I’m doing a total remodel of a kitchen and I’m very perplexed as to where my kitchen ceiling light should go.  It’s a 10 x10 U shaped kitchen with an eat at peninsula forming one of the legs of the U.  There are no cabinets or headers above the peninsula and the kitchen and adjacent dining room ceilings are flush to one another.  

The rest of the U has soffits above the upper cabinets but they’re not the typical 13″ width,  they’re a full 24″.  This is the result of having a dropped load bearing beam on the bumped out exterior wall.  The other soffit was presumably built to match the one on the exterior wall. 

The lighting plan calls for 2 or 3 pendant lights over the peninsula,  a sink light, undercabinet lights and a center light for general lighting .  Because of the wide soffits and the way the rafters fall over the dropped beam, recessed lights were not a viable option.
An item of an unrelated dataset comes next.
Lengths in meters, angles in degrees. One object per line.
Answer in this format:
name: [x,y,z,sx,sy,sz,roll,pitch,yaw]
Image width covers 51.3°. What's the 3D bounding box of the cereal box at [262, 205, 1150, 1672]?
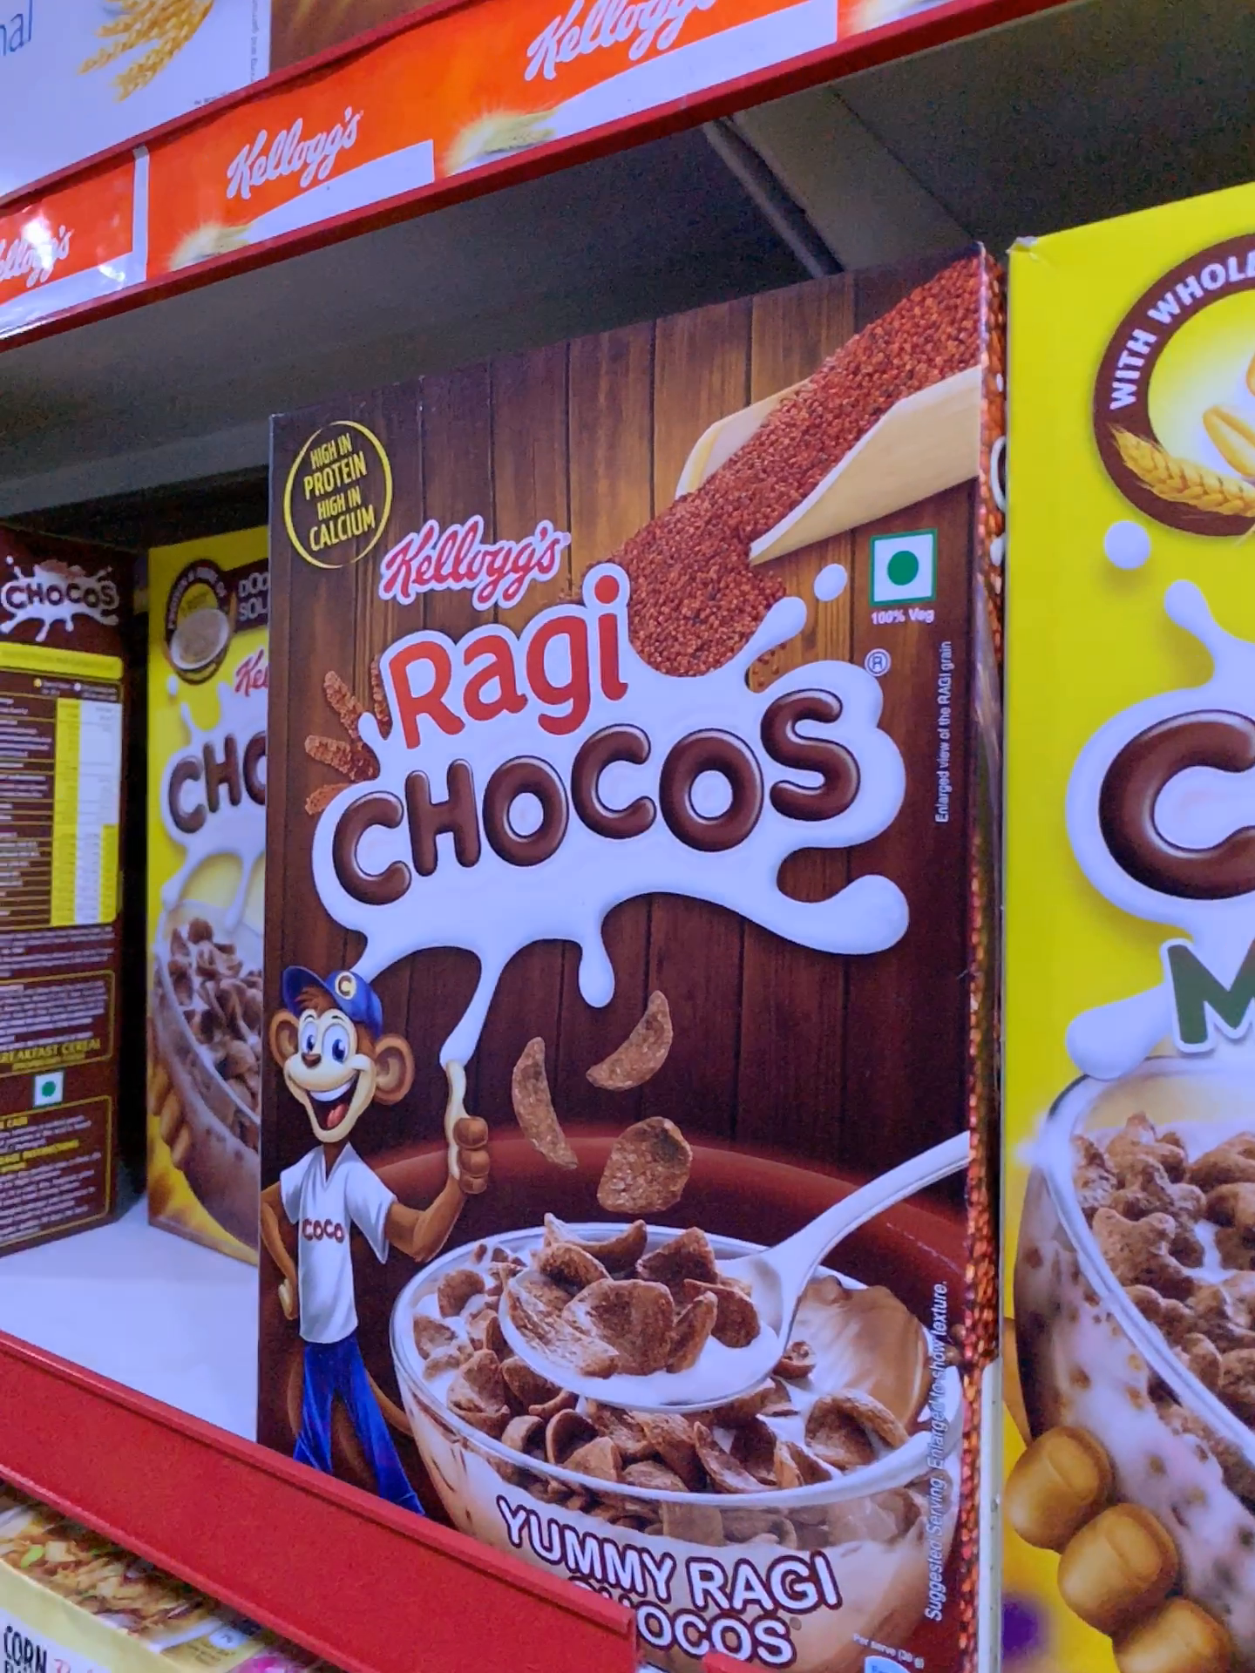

Here’s the issue I’m having with locating the center fixture.   The kitchen floor is 10×10 but the ceiling is 8×8.  If I center it to the kitchen floor/ work area it will 2ft off center to the ceiling.  There will be 3ft of ceiling on the cabinet side and 5 ft on the peninsula side (see sketch).   On the other hand, if I center it to the ceiling it will be 2ft off center to the kitchen floor/work area.  I’m not comfortable with either option so I thought I’d bounce it off the forum and see if anyone has a better solution or a vote on which of these two alternatives I should go with.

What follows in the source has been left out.